• _Data_
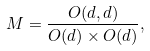Convert formula to latex. <formula><loc_0><loc_0><loc_500><loc_500>M = \frac { O ( d , d ) } { O ( d ) \times O ( d ) } ,</formula> 
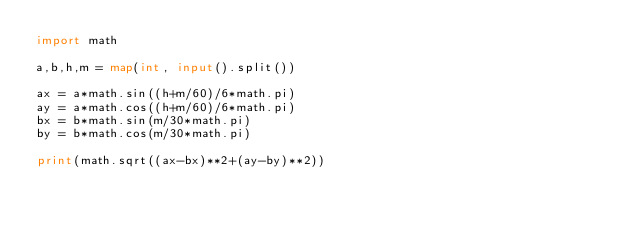Convert code to text. <code><loc_0><loc_0><loc_500><loc_500><_Python_>import math

a,b,h,m = map(int, input().split())

ax = a*math.sin((h+m/60)/6*math.pi)
ay = a*math.cos((h+m/60)/6*math.pi)
bx = b*math.sin(m/30*math.pi)
by = b*math.cos(m/30*math.pi)

print(math.sqrt((ax-bx)**2+(ay-by)**2))</code> 
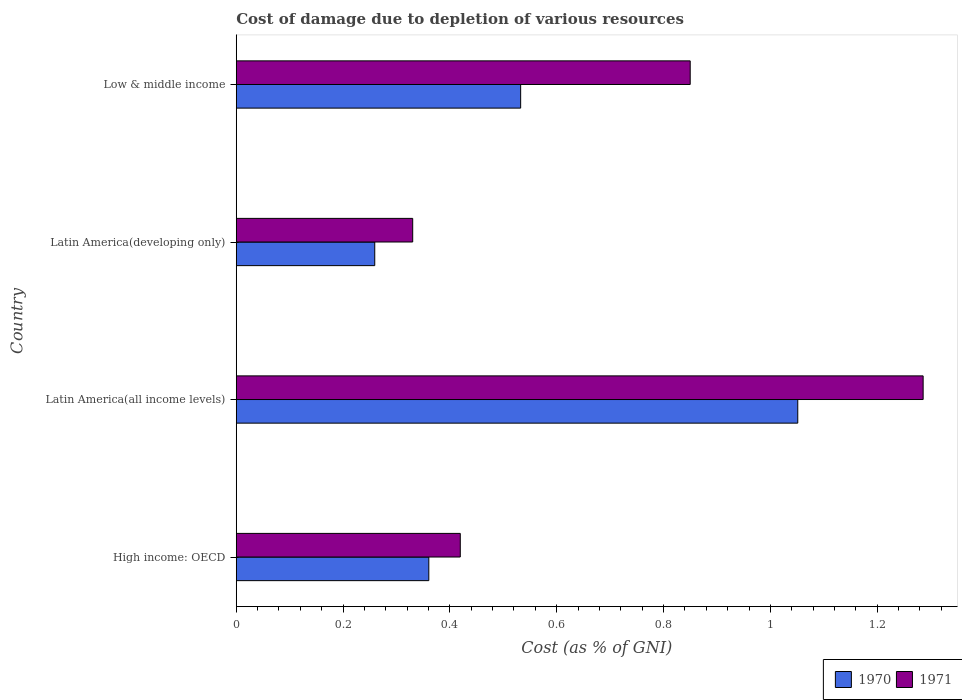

• _Try it_
Where an entry includes an image, leave that image out; otherwise, reproduce everything exactly.

• _Exercise result_
Convert formula to latex. <formula><loc_0><loc_0><loc_500><loc_500>M = \frac { O ( d , d ) } { O ( d ) \times O ( d ) } ,</formula> 
Convert code to text. <code><loc_0><loc_0><loc_500><loc_500><_Python_>import math

a,b,h,m = map(int, input().split())

ax = a*math.sin((h+m/60)/6*math.pi)
ay = a*math.cos((h+m/60)/6*math.pi)
bx = b*math.sin(m/30*math.pi)
by = b*math.cos(m/30*math.pi)

print(math.sqrt((ax-bx)**2+(ay-by)**2))</code> 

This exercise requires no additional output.